About this exercise | Retype exactly the lines from the one containing "Screen dimensions: 1232x953" through the last line of the records below, including both, and leave out any pictures.

Records to use |
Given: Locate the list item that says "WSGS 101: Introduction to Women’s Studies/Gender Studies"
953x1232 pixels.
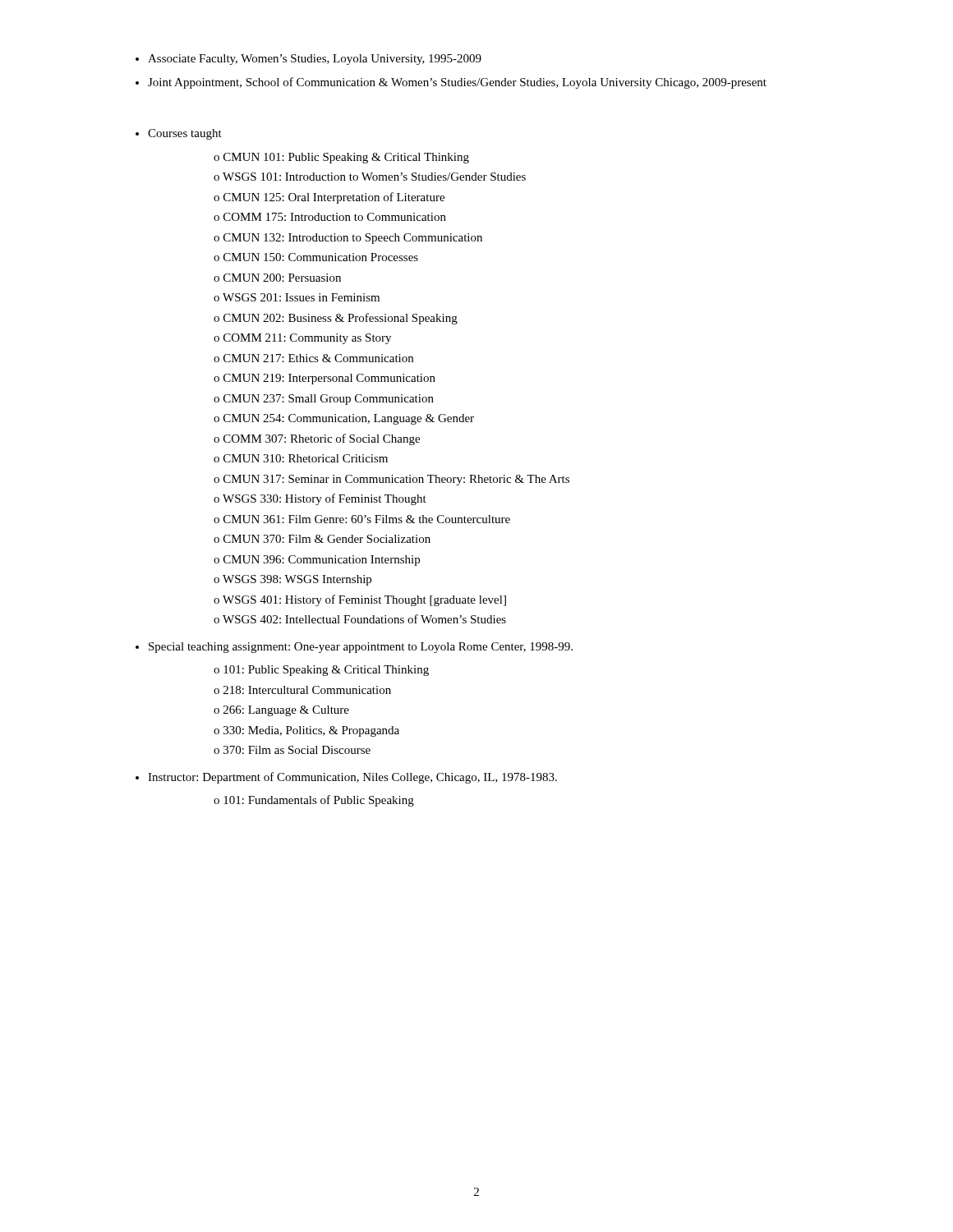Looking at the screenshot, I should click(374, 177).
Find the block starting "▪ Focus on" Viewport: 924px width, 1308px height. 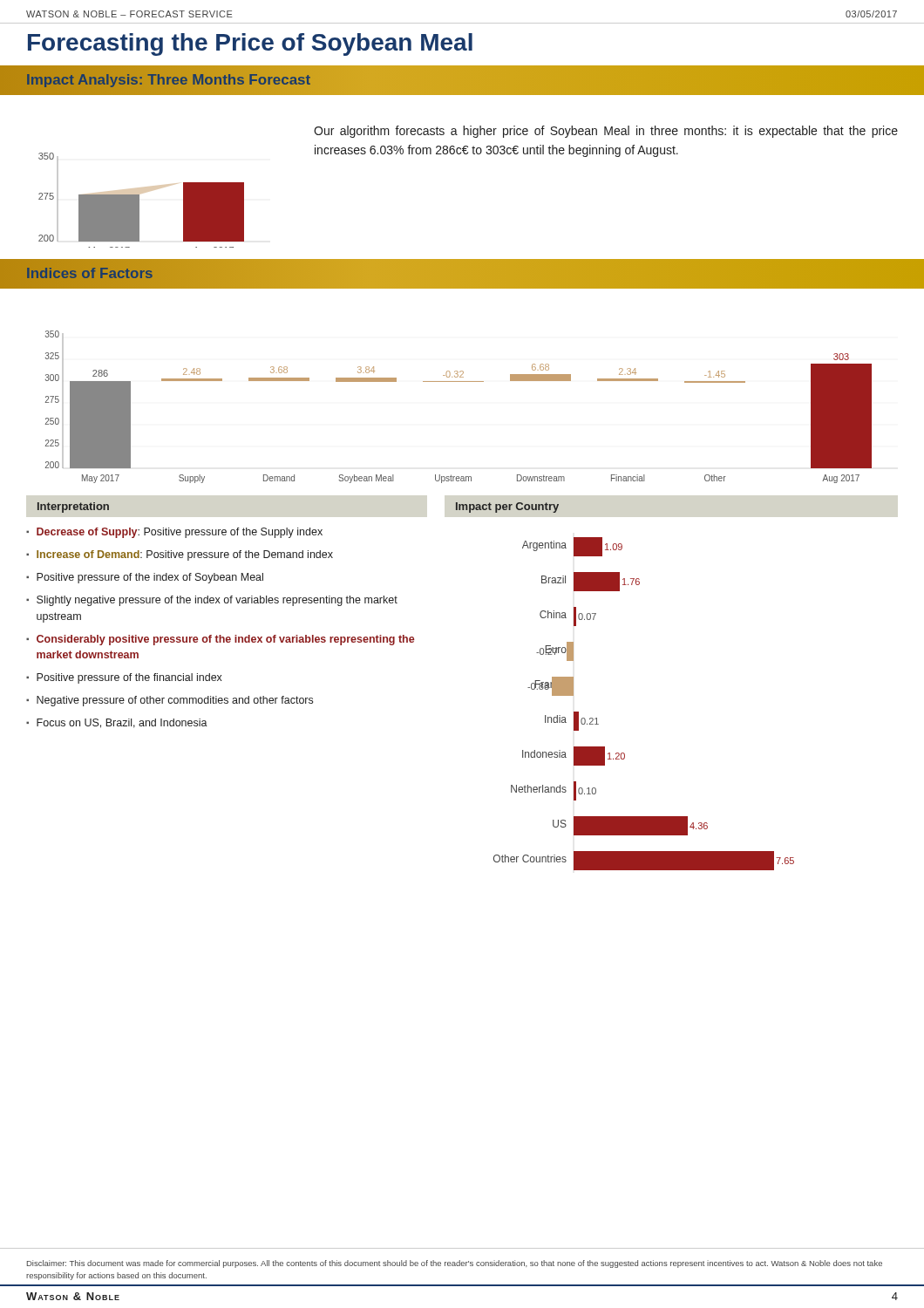point(117,723)
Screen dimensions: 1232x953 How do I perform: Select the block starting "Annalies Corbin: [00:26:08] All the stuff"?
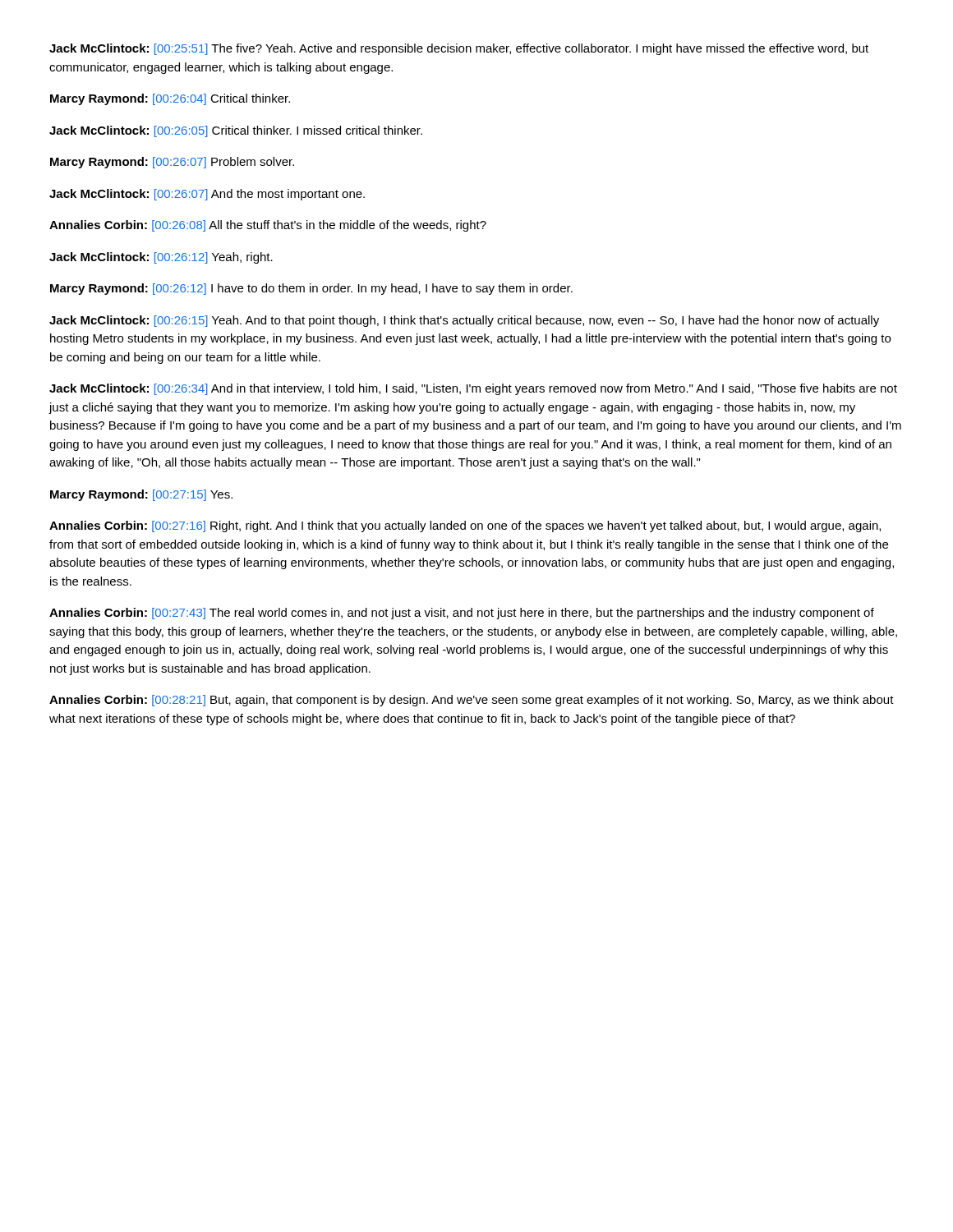click(x=268, y=225)
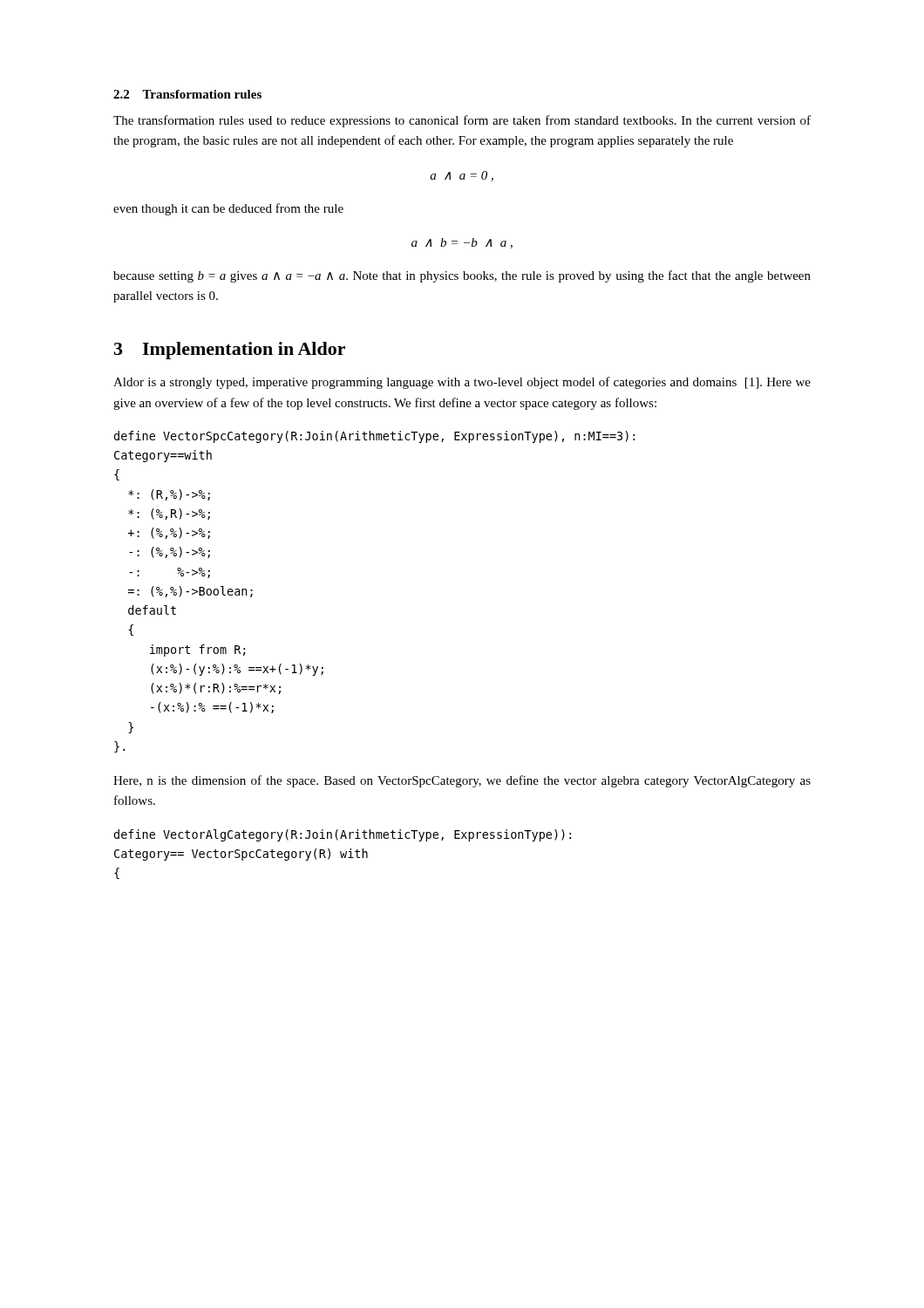Screen dimensions: 1308x924
Task: Point to the block beginning "define VectorSpcCategory(R:Join(ArithmeticType, ExpressionType), n:MI==3): Category==with { *:"
Action: coord(374,437)
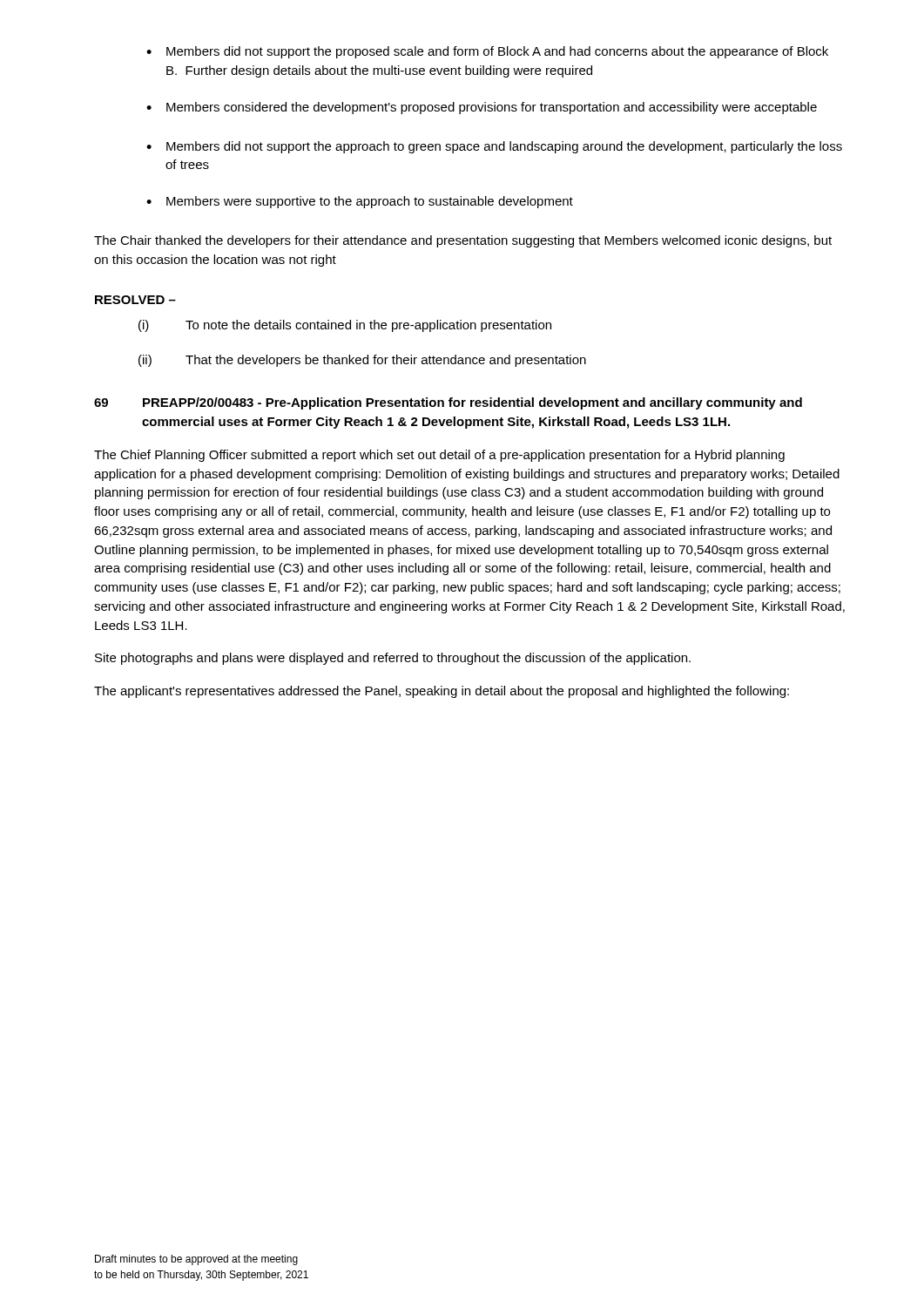Locate the block of text that opens with "• Members were supportive to the approach to"

(360, 203)

Result below |
Screen dimensions: 1232x953 How do I perform: Select the block starting "Annalies Corbin: [00:26:08] All the stuff"?
click(x=268, y=225)
Screen dimensions: 1308x924
Task: Point to the block beginning "define VectorSpcCategory(R:Join(ArithmeticType, ExpressionType), n:MI==3): Category==with { *:"
Action: coord(374,437)
Locate the block of text that opens with "• Members were supportive to the approach to"

(360, 203)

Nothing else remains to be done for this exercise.